The Supremacy & Treason Acts sound pretty 4T to me, then if you go out another 70 years you're at the Gunpowder plot and a half dozen other high profile assasination attempts. Go out 80 more years from that and you're at the Glorious Revolution.

Where is the 100 years?

Alternatively:

Russia 4T

1812 French invasion
1825 Liberal revolution (failed)
1830-31 Polish revolution (failed)

1896 Nicholas II becomes the last emperor at a scene that sounds very late 3T
1905 Bloody Sunday
1917 Socialist Revolution

1985 Attempt at Democratic Reform begins
1989 Berlin Wall falls
1990-92 Dissolution of USSR
1998 Ruble revaluation begins new era of economic growth / Putin's 1T
I just don't see that first 4T at all. The reign of Alexander I was not significant from the standpoint of internal politics and institutions. He himself looks like a Prophet. Catherine the Great presided over a much more tumultuous time. And keep in mind, this was a country comparable institutionally to England in about 1200 or so--it had no constitution and no national political institutions at all except the monarchy.

I spent much of the 1980s reading and writing about early modern Europe, and it's awfully hard to find anything like 80 year cycles in large parts of it.
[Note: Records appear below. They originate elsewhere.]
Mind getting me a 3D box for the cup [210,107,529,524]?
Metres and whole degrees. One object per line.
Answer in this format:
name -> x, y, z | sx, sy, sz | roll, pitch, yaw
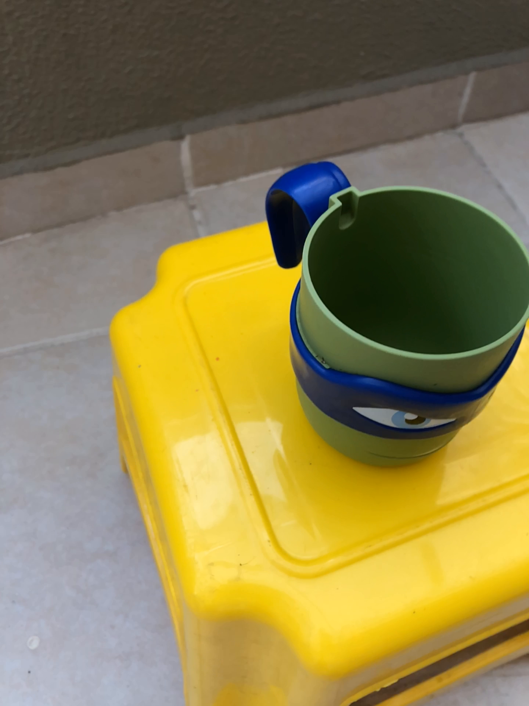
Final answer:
cup -> 0.044, -0.015, 0.232 | 0.080, 0.090, 0.110 | -27, 59, -16
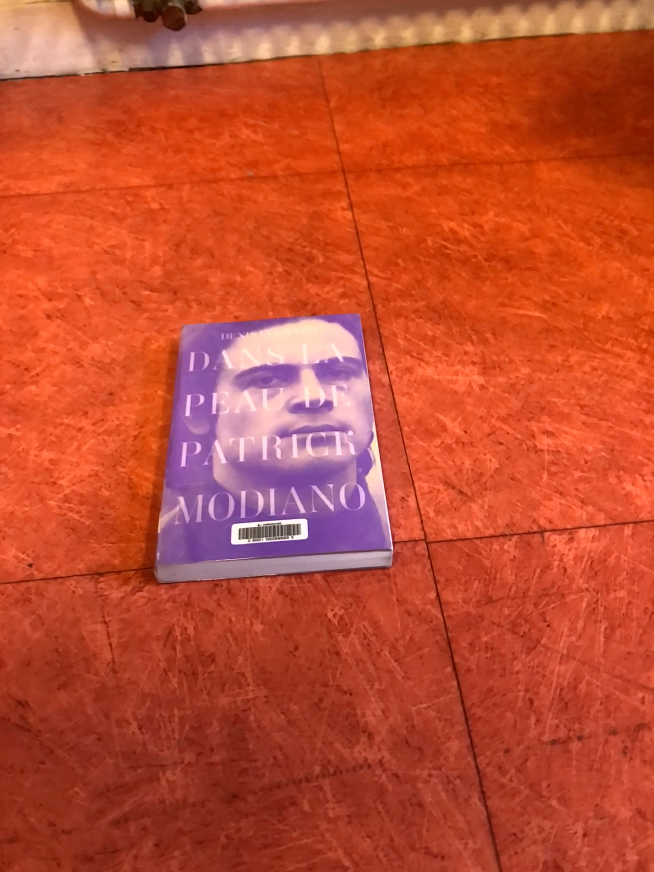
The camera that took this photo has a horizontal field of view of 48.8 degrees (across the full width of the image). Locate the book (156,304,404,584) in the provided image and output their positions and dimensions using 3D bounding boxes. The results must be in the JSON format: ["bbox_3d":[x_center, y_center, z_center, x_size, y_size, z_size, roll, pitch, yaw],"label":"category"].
[{"bbox_3d":[-0.035,-0.007,0.525,0.150,0.030,0.234,-3,48,-1],"label":"book"}]
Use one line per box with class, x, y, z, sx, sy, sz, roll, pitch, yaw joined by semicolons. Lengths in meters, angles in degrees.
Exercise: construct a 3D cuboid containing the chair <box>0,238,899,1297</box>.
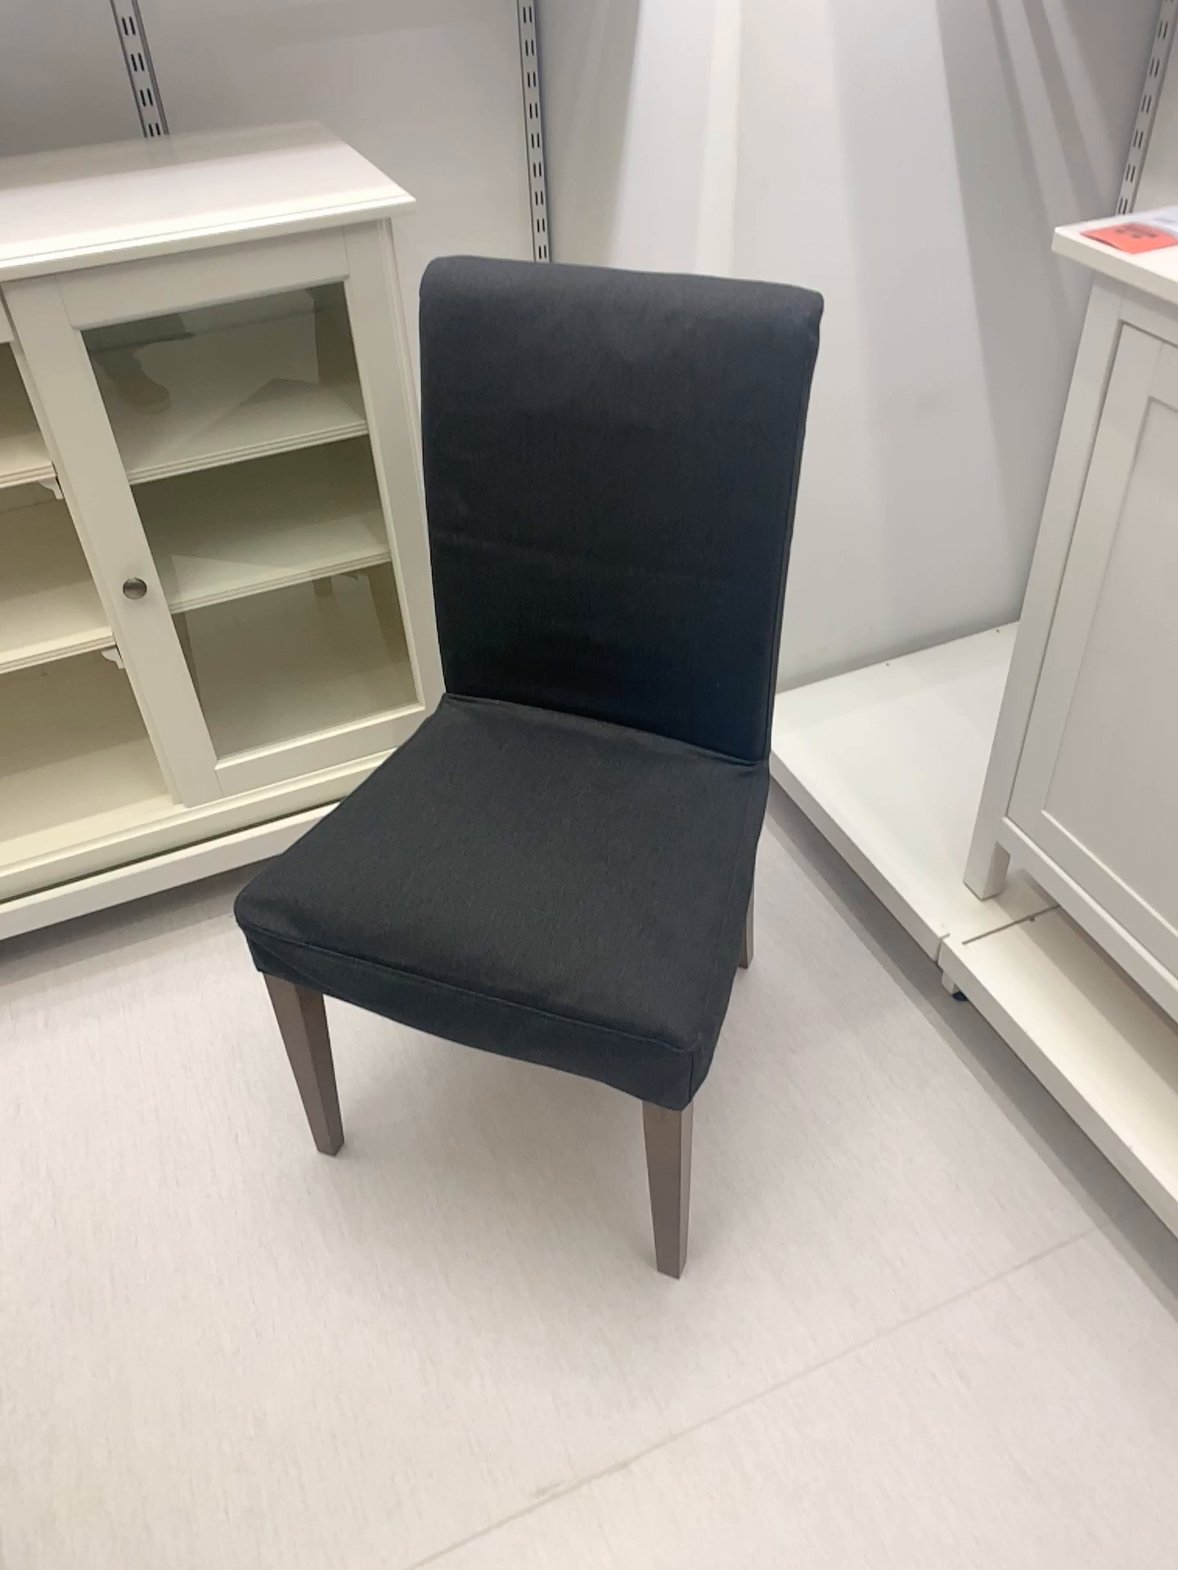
chair;-0.053;-0.030;1.272;0.541;0.836;0.612;13;43;18
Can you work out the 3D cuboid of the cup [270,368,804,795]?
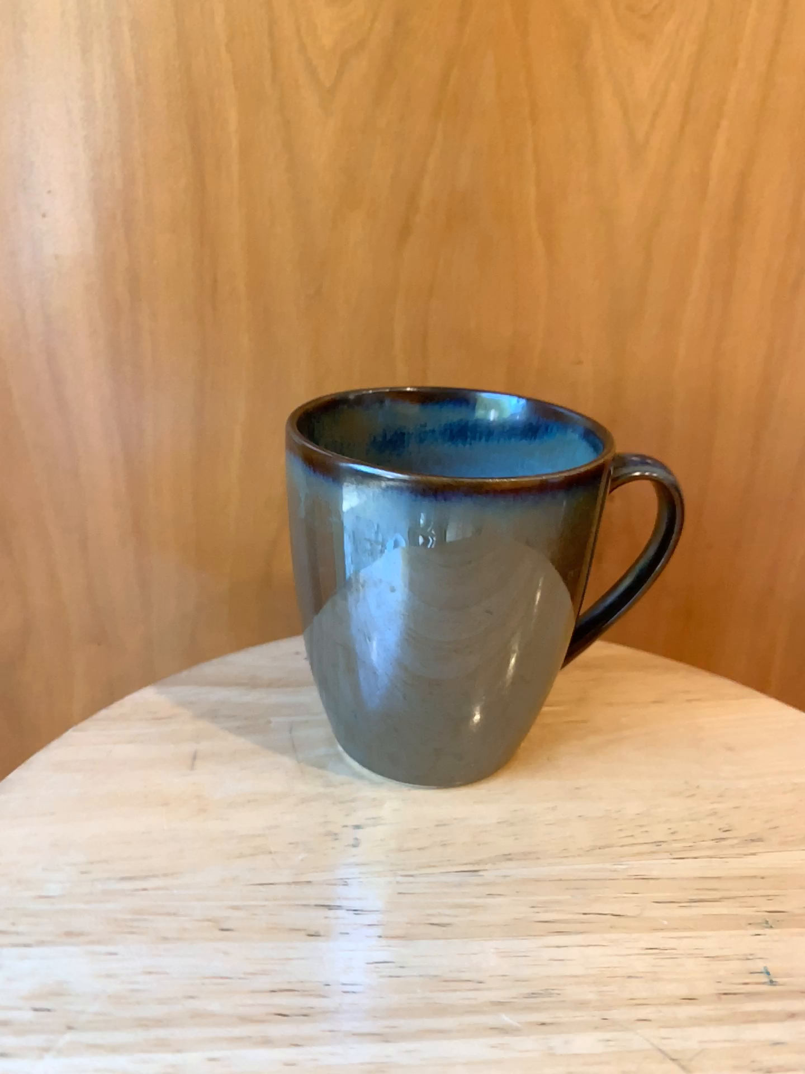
[{"bbox_3d":[0.025,0.007,0.237,0.120,0.090,0.080,0,23,-7],"label":"cup"}]
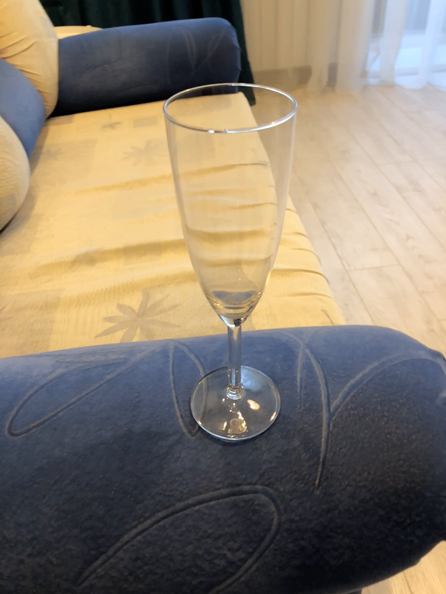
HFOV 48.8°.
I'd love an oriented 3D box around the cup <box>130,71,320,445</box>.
[{"bbox_3d":[0.007,-0.008,0.292,0.076,0.214,0.072,-3,39,2],"label":"cup"}]
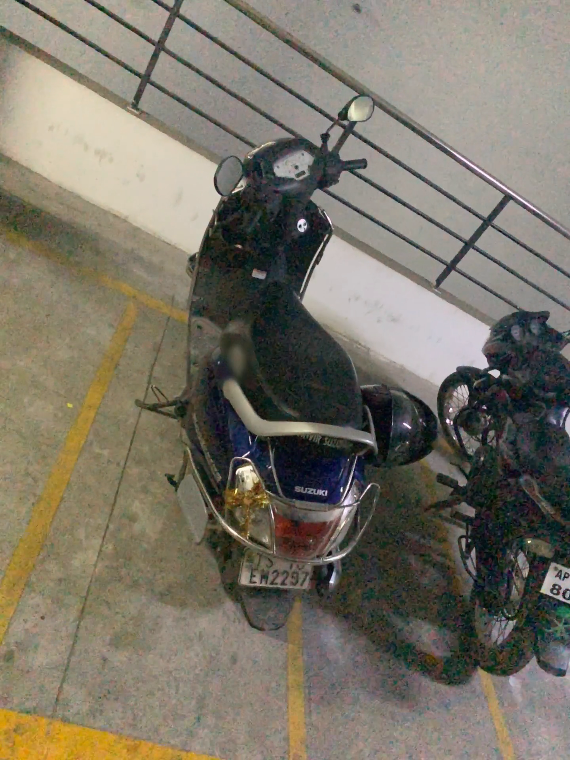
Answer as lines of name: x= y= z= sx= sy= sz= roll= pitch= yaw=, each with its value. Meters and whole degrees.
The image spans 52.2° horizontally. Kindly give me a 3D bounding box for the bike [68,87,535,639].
bike: x=-0.198 y=-0.134 z=1.977 sx=0.623 sy=1.157 sz=1.479 roll=19 pitch=30 yaw=-29

You could argue that France had a long crisis from about 1580 to 1600 but by the 1640s it's having a terrible crisis again. Then come about 130 years of pretty impressive internal stability. In fact I argued in Politics and War that the whole continent was characterized by weak central government for an entire century, 1559-1659. These are interesting problems for some one to work on but I think if anyone does they will eventually find some important differences. That's not surprising, especially since relatively few people lived that long in those days. (In fact, if you take a monarch-centered view, that could help explain France--I could go for Louis XIV as a Hero, but none of his Artist or Prophet kids ever reigned--smallpox killed off at least one.)







Post#387 at 12-28-2010 04:22 AM by independent [at Jacksonville - still trying to decide if its Florida or Georgia here joined Apr 2008 #posts 1,286]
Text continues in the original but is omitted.